## Exercise
Leaving out the images, please reproduce each line below exactly.

## Task data
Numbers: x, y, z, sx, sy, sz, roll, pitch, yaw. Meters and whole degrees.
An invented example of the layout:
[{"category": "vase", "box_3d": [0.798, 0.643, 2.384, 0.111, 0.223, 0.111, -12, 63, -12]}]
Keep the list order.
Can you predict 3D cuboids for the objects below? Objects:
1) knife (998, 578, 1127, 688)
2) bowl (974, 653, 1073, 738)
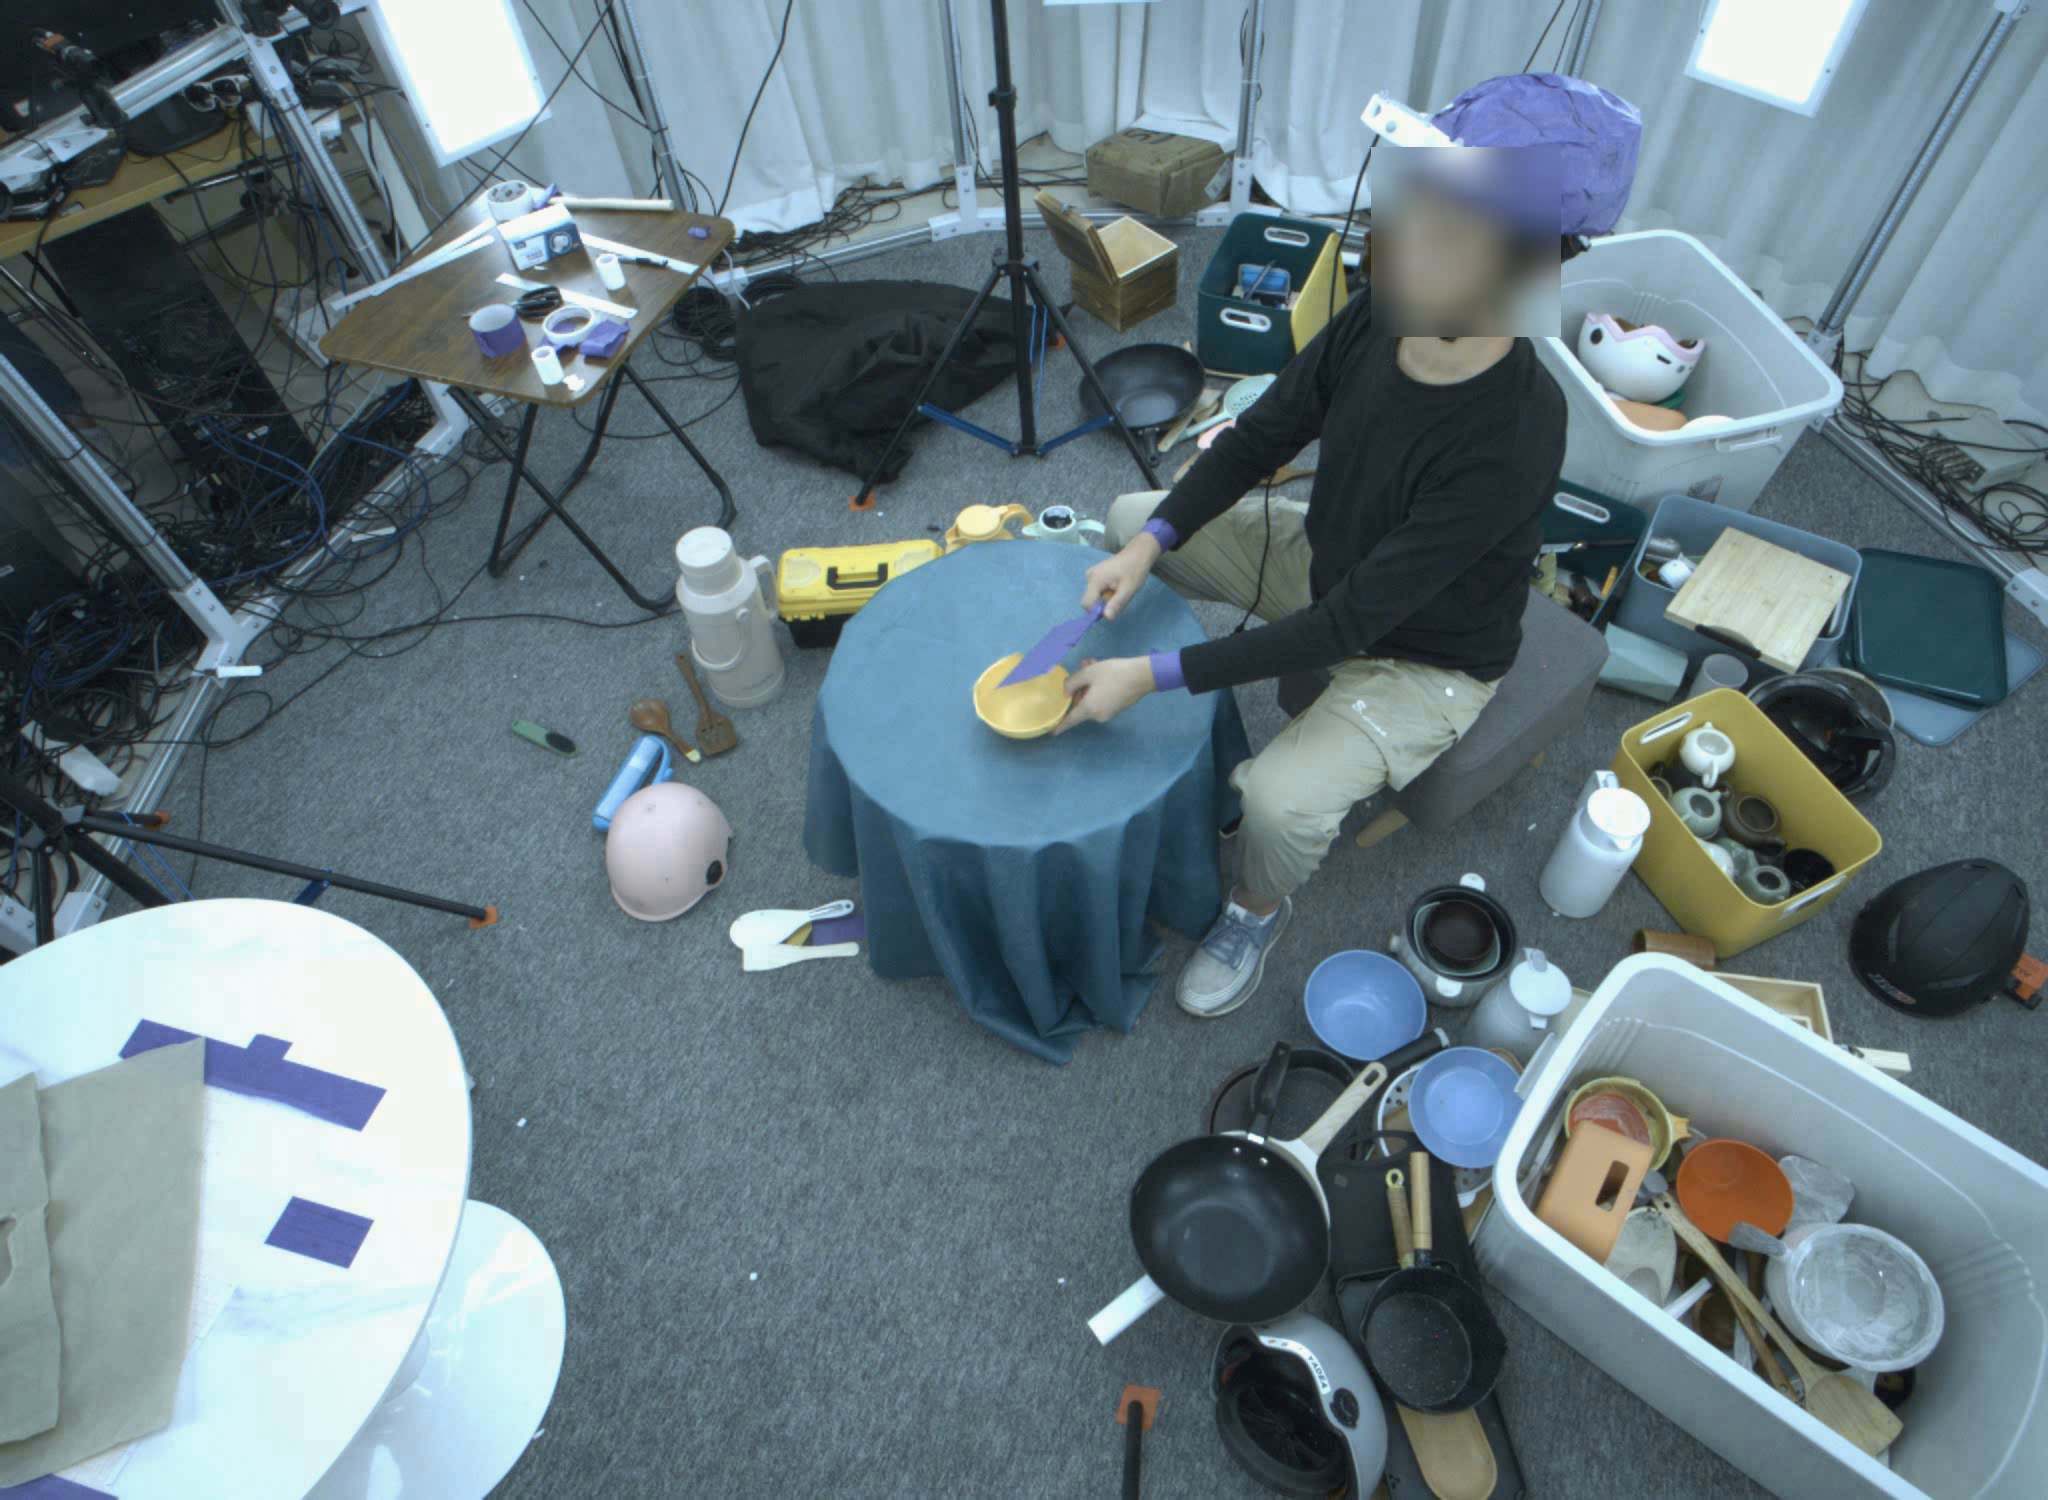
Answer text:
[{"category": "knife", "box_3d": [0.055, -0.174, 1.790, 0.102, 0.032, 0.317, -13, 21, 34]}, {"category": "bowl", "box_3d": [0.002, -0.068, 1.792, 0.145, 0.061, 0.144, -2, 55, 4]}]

## Result
Numbers: x, y, z, sx, sy, sz, roll, pitch, yaw. Meters and whole degrees.
An invented example of the layout:
[{"category": "vase", "box_3d": [0.798, 0.643, 2.384, 0.111, 0.223, 0.111, -12, 63, -12]}]
Keep the list order.
Can you predict 3D cuboids for the objects below? Objects:
1) knife (998, 578, 1127, 688)
2) bowl (974, 653, 1073, 738)
Answer text:
[{"category": "knife", "box_3d": [0.055, -0.174, 1.790, 0.102, 0.032, 0.317, -13, 21, 34]}, {"category": "bowl", "box_3d": [0.002, -0.068, 1.792, 0.145, 0.061, 0.144, -2, 55, 4]}]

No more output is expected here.